Do not look only at the final answer. First check the retrieval before generation. It is useful to compare search with and without a filter on the same set of questions:

how many relevant fragments the system found in both modes;
how often the fresh document ranked above the old one when that really mattered;
how many useful results disappeared because of document type;
whether there were cases where user access hid the only correct source.

When the basic setup is working, add simple evaluations. Track source freshness, permission errors, and misses in retrieval. If the answer sounds confident but retrieval did not bring the needed document, the problem is not the model. Usually the cause is a filter that is too strict or bad labels.
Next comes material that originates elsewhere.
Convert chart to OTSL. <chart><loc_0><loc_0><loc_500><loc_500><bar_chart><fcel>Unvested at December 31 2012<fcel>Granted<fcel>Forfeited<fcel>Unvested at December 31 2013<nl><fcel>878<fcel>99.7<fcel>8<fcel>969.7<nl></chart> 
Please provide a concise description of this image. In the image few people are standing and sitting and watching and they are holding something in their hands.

A good practice is to keep a short set of control questions, around 20-30. That is enough. After every change to the filters, run them again and see what got better and what broke. That way the team sees the real effect instead of arguing from gut feeling.

If you are comparing several models on the same question set, a single gateway like AI Router also saves time. You can send identical requests through one OpenAI-compatible endpoint, avoid rewriting the integration, and then review the audit logs for the same cases.

Start small, measure each step, and do not make the setup more complex too early. Three fields, one scenario, a short test set. For the first cycle, that is more than enough.